* PROBLEM DETAILS *
Word for word, the data below must be repeated in full; no picture is to be included.

GIVEN DATA Start Marker

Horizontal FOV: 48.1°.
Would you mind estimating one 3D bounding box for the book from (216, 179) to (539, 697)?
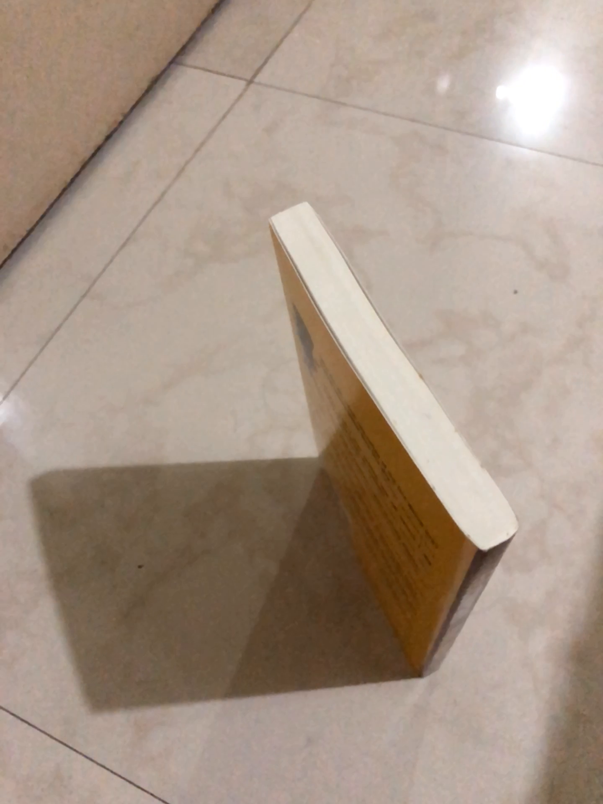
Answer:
[{"bbox_3d":[0.021,0.034,0.270,0.030,0.200,0.130,-24,60,-9],"label":"book"}]
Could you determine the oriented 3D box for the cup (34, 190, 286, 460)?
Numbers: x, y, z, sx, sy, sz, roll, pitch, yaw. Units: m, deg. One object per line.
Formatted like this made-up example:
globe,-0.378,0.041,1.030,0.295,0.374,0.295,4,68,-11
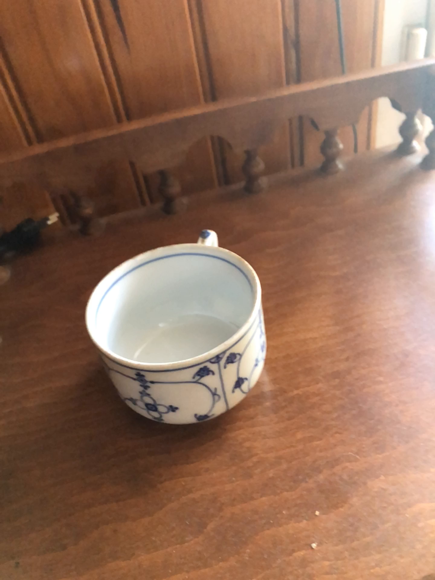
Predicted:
cup,-0.015,0.008,0.242,0.080,0.060,0.121,3,42,15
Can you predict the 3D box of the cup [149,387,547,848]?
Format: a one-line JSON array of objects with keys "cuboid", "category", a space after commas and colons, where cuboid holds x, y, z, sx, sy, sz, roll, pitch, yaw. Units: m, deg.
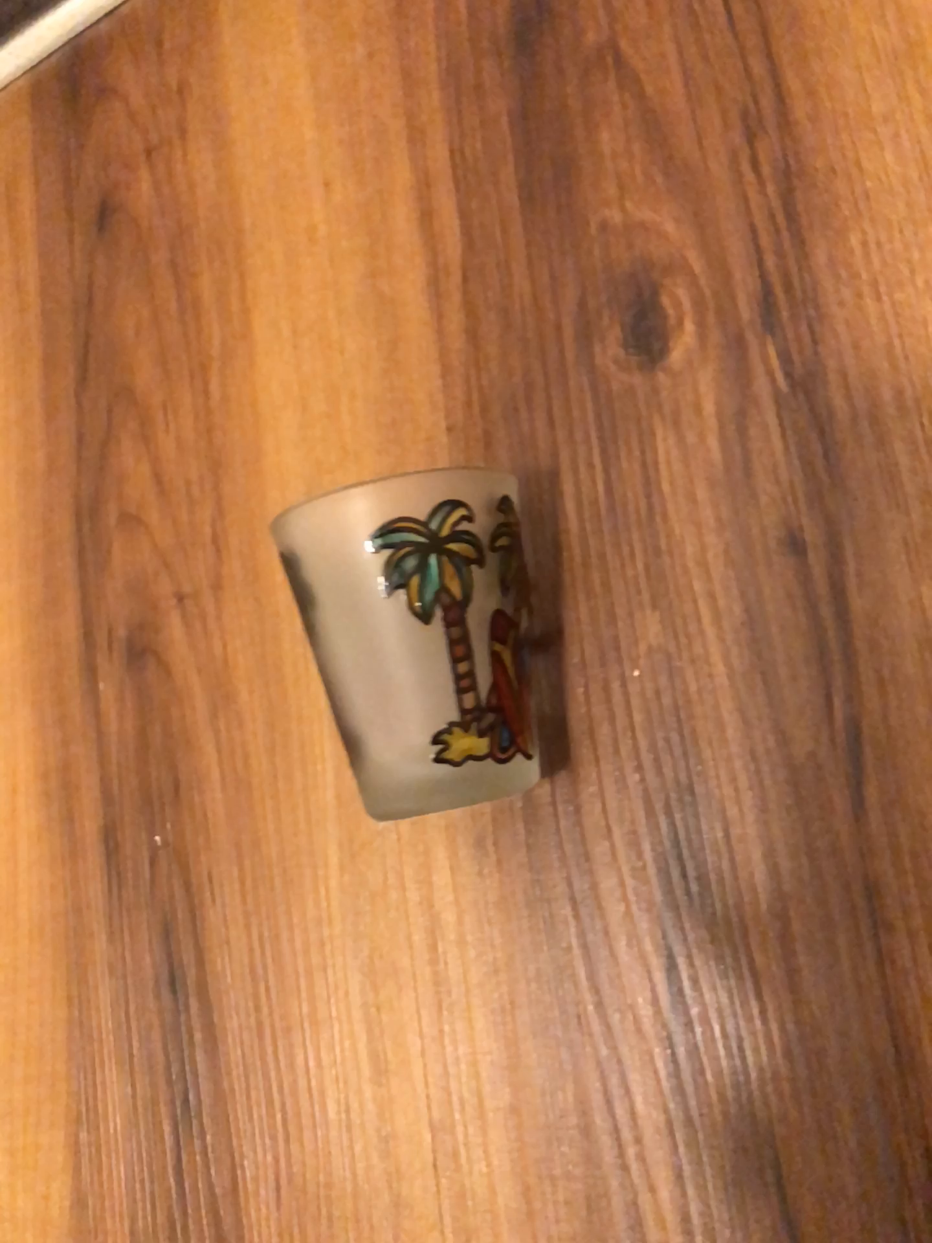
[{"cuboid": [-0.022, 0.003, 0.197, 0.050, 0.045, 0.070, -14, 78, 30], "category": "cup"}]
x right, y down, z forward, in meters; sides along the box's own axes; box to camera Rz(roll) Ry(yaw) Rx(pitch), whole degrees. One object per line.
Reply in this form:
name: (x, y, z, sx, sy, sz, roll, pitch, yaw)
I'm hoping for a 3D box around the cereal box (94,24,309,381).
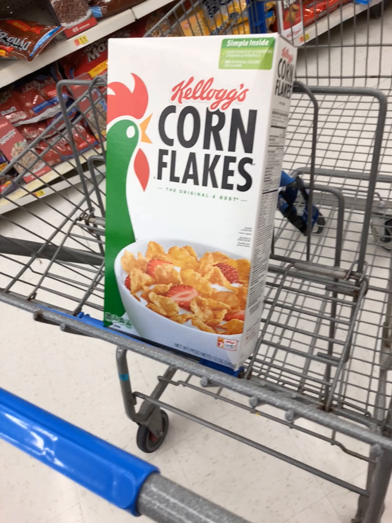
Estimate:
cereal box: (-0.010, -0.065, 0.489, 0.210, 0.340, 0.070, 13, 18, 27)
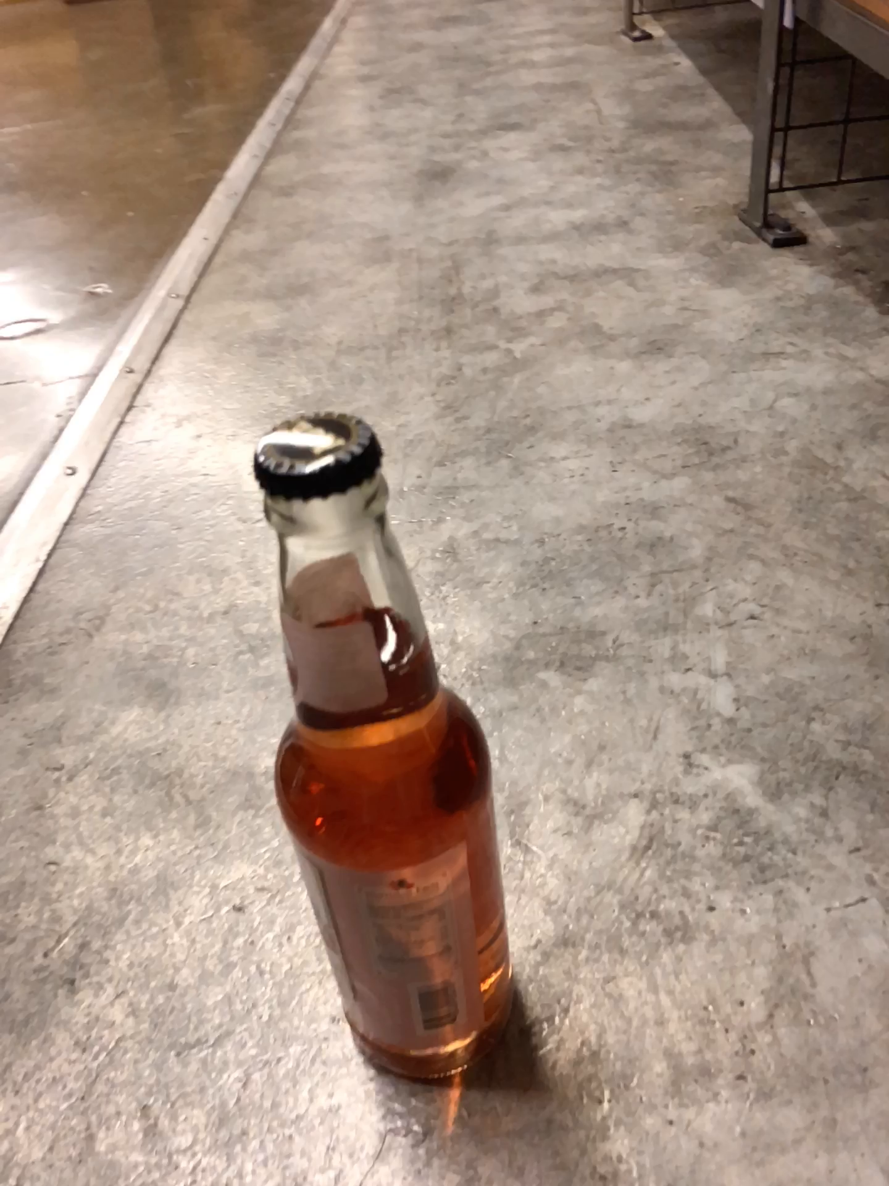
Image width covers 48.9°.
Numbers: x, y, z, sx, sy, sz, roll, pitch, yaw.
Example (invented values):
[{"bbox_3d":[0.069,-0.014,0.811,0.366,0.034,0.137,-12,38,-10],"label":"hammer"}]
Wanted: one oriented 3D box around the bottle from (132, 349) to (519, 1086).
[{"bbox_3d":[-0.019,0.052,0.273,0.060,0.221,0.062,-5,38,4],"label":"bottle"}]
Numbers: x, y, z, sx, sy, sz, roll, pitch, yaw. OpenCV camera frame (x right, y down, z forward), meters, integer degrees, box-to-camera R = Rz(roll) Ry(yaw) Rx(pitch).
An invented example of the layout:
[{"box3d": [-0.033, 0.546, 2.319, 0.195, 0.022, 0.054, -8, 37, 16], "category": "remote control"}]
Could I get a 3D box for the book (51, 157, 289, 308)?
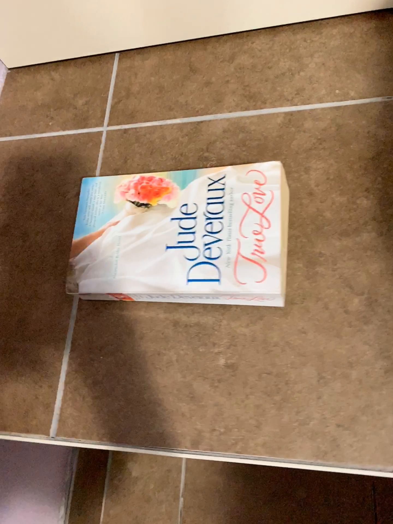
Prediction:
[{"box3d": [-0.017, -0.023, 0.333, 0.179, 0.047, 0.106, 1, 71, 15], "category": "book"}]
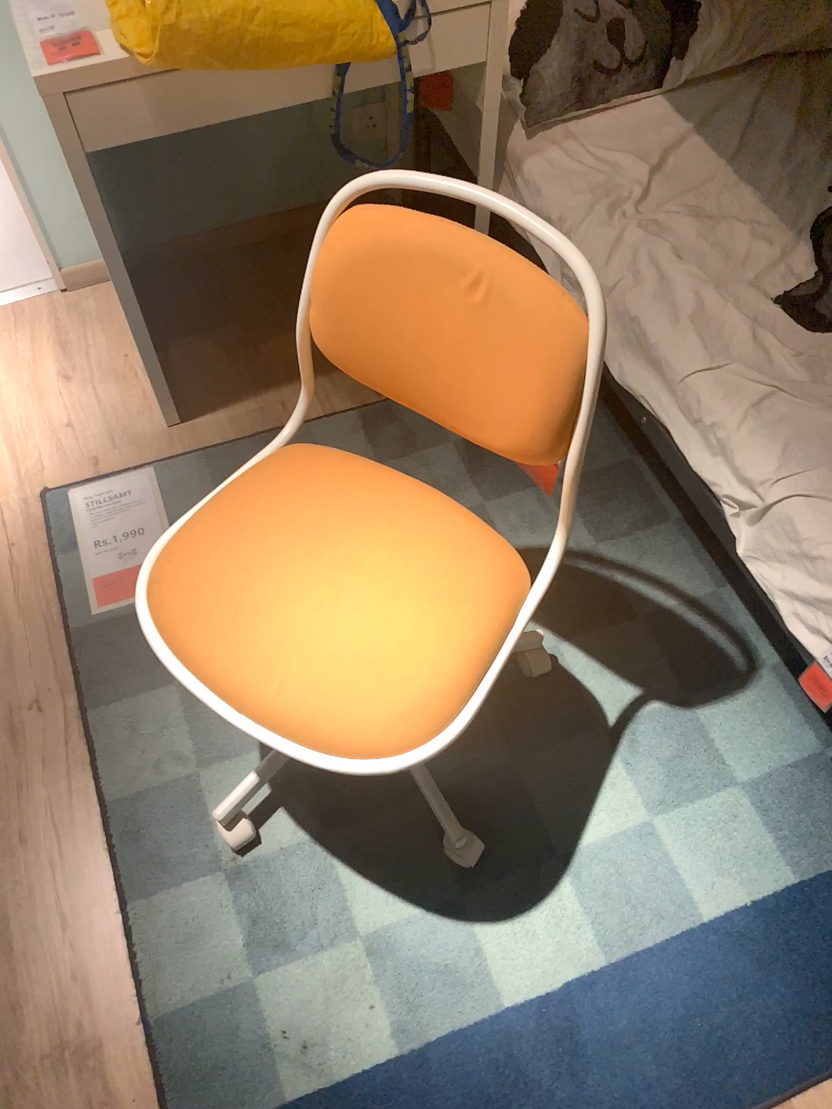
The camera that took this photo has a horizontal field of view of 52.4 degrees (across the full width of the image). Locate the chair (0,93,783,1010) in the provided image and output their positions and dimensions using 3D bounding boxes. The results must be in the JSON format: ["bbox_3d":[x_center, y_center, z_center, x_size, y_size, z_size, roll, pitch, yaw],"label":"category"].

GIVEN DATA End Marker

* TASK OUTPUT *
Horizontal FOV: 48.1°.
Would you mind estimating one 3D bounding box for the book from (216, 179) to (539, 697)?
Answer:
[{"bbox_3d":[0.021,0.034,0.270,0.030,0.200,0.130,-24,60,-9],"label":"book"}]
Could you determine the oriented 3D box for the cup (34, 190, 286, 460)?
Numbers: x, y, z, sx, sy, sz, roll, pitch, yaw. Units: m, deg. One object per line.
Formatted like this made-up example:
globe,-0.378,0.041,1.030,0.295,0.374,0.295,4,68,-11
Predicted:
cup,-0.015,0.008,0.242,0.080,0.060,0.121,3,42,15
Can you predict the 3D box of the cup [149,387,547,848]?
Format: a one-line JSON array of objects with keys "cuboid", "category", a space after commas and colons, where cuboid holds x, y, z, sx, sy, sz, roll, pitch, yaw. Units: m, deg.
[{"cuboid": [-0.022, 0.003, 0.197, 0.050, 0.045, 0.070, -14, 78, 30], "category": "cup"}]
x right, y down, z forward, in meters; sides along the box's own axes; box to camera Rz(roll) Ry(yaw) Rx(pitch), whole degrees. One object per line.
Reply in this form:
name: (x, y, z, sx, sy, sz, roll, pitch, yaw)
I'm hoping for a 3D box around the cereal box (94,24,309,381).
Estimate:
cereal box: (-0.010, -0.065, 0.489, 0.210, 0.340, 0.070, 13, 18, 27)
Image width covers 48.9°.
Numbers: x, y, z, sx, sy, sz, roll, pitch, yaw.
Example (invented values):
[{"bbox_3d":[0.069,-0.014,0.811,0.366,0.034,0.137,-12,38,-10],"label":"hammer"}]
Wanted: one oriented 3D box around the bottle from (132, 349) to (519, 1086).
[{"bbox_3d":[-0.019,0.052,0.273,0.060,0.221,0.062,-5,38,4],"label":"bottle"}]
Numbers: x, y, z, sx, sy, sz, roll, pitch, yaw. OpenCV camera frame (x right, y down, z forward), meters, integer degrees, box-to-camera R = Rz(roll) Ry(yaw) Rx(pitch).
An invented example of the layout:
[{"box3d": [-0.033, 0.546, 2.319, 0.195, 0.022, 0.054, -8, 37, 16], "category": "remote control"}]
Could I get a 3D box for the book (51, 157, 289, 308)?
Prediction:
[{"box3d": [-0.017, -0.023, 0.333, 0.179, 0.047, 0.106, 1, 71, 15], "category": "book"}]
The camera that took this photo has a horizontal field of view of 52.4 degrees (across the full width of the image). Locate the chair (0,93,783,1010) in the provided image and output their positions and dimensions using 3D bounding boxes. The results must be in the JSON format: ["bbox_3d":[x_center, y_center, z_center, x_size, y_size, z_size, roll, pitch, yaw],"label":"category"].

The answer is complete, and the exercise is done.